> _REQUIRED ACTION_
Copy out exactly the lines from the one containing "Navigate to the" through the end of the records, and no pictures.
::: EXERCISE INPUT
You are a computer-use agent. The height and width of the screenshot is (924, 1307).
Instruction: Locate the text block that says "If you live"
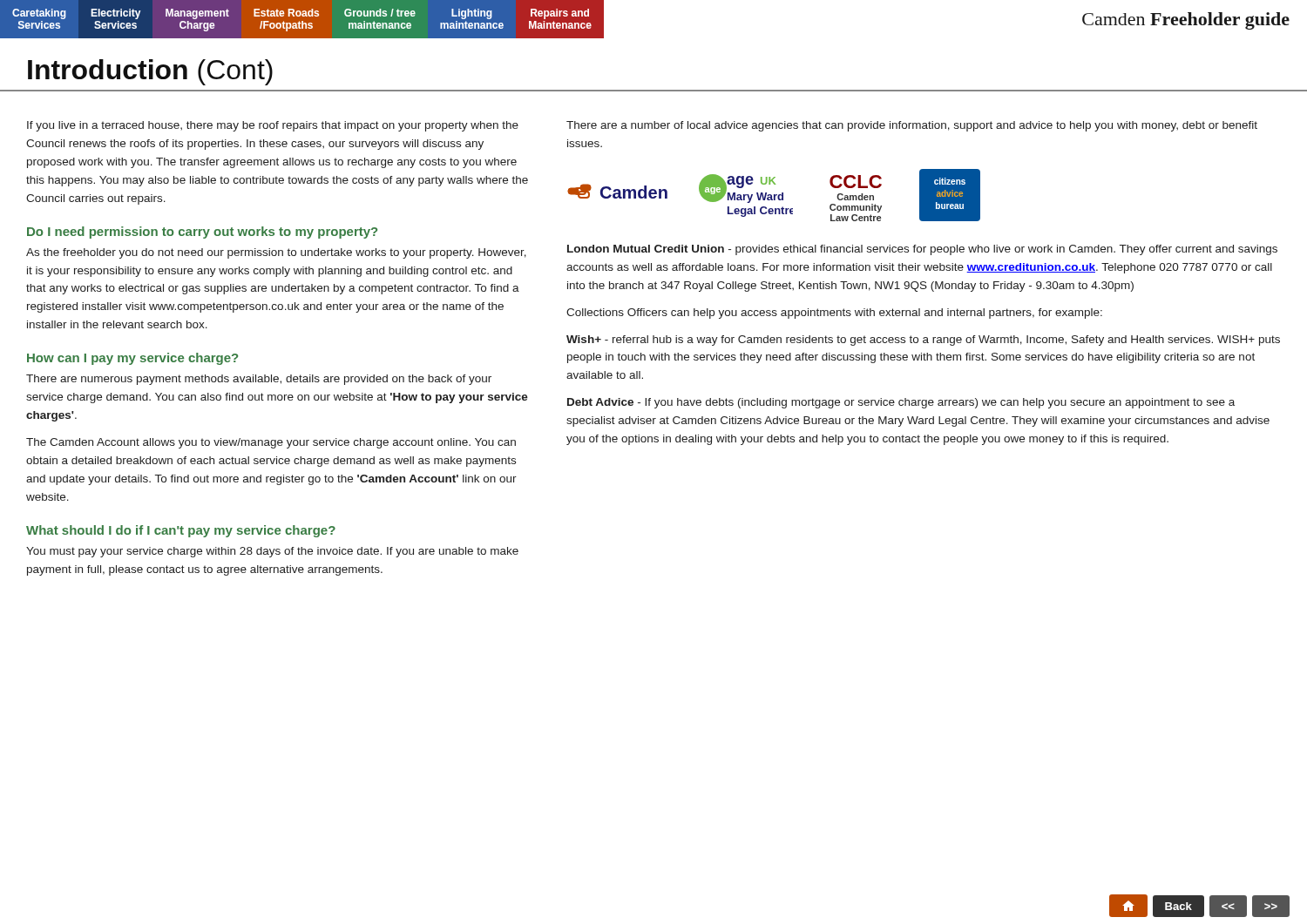pos(277,161)
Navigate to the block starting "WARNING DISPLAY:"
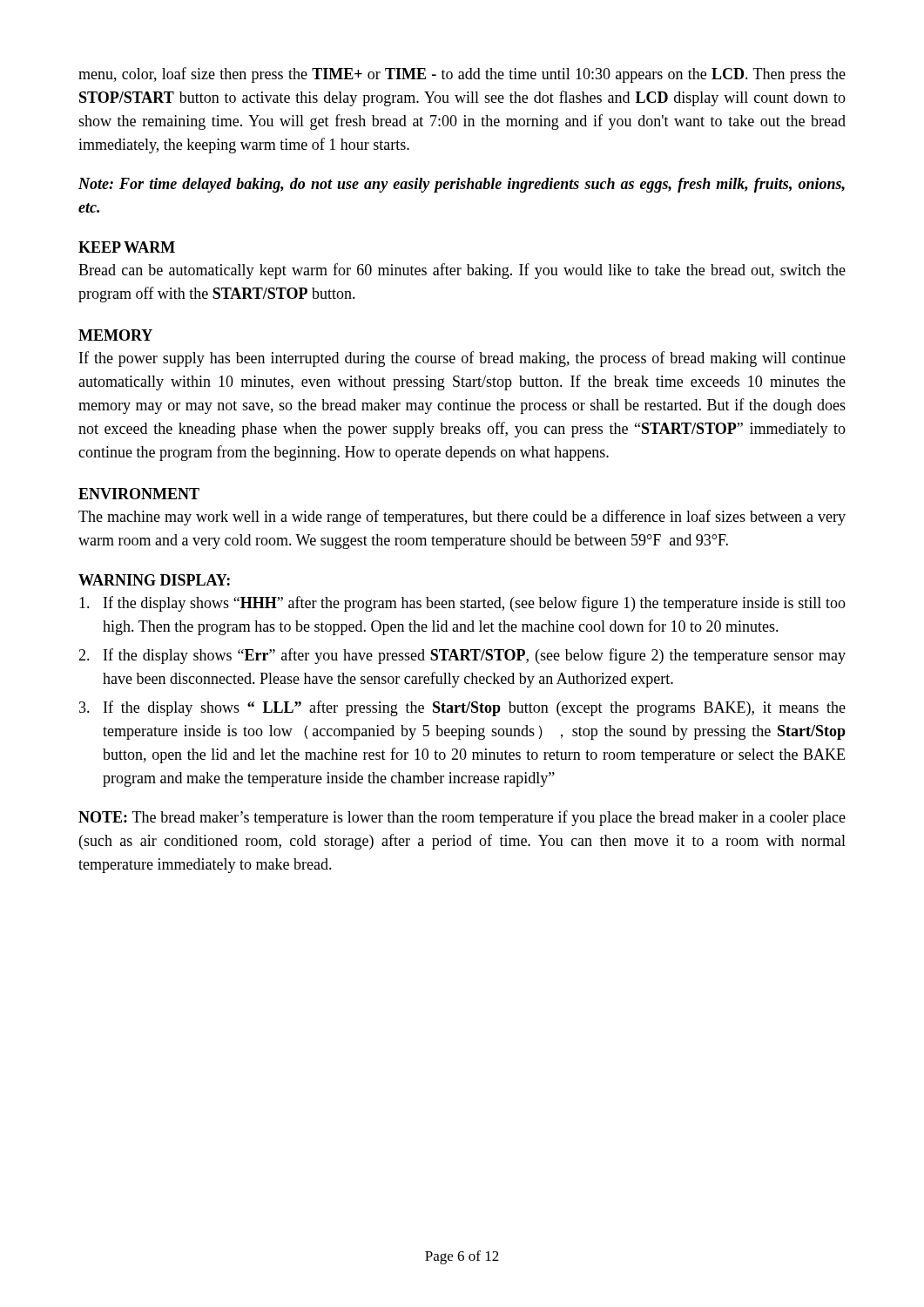 click(x=155, y=580)
::::::
> _PROBLEM SOLUTION_
Navigate to the block starting "WARNING DISPLAY:"
 click(x=155, y=580)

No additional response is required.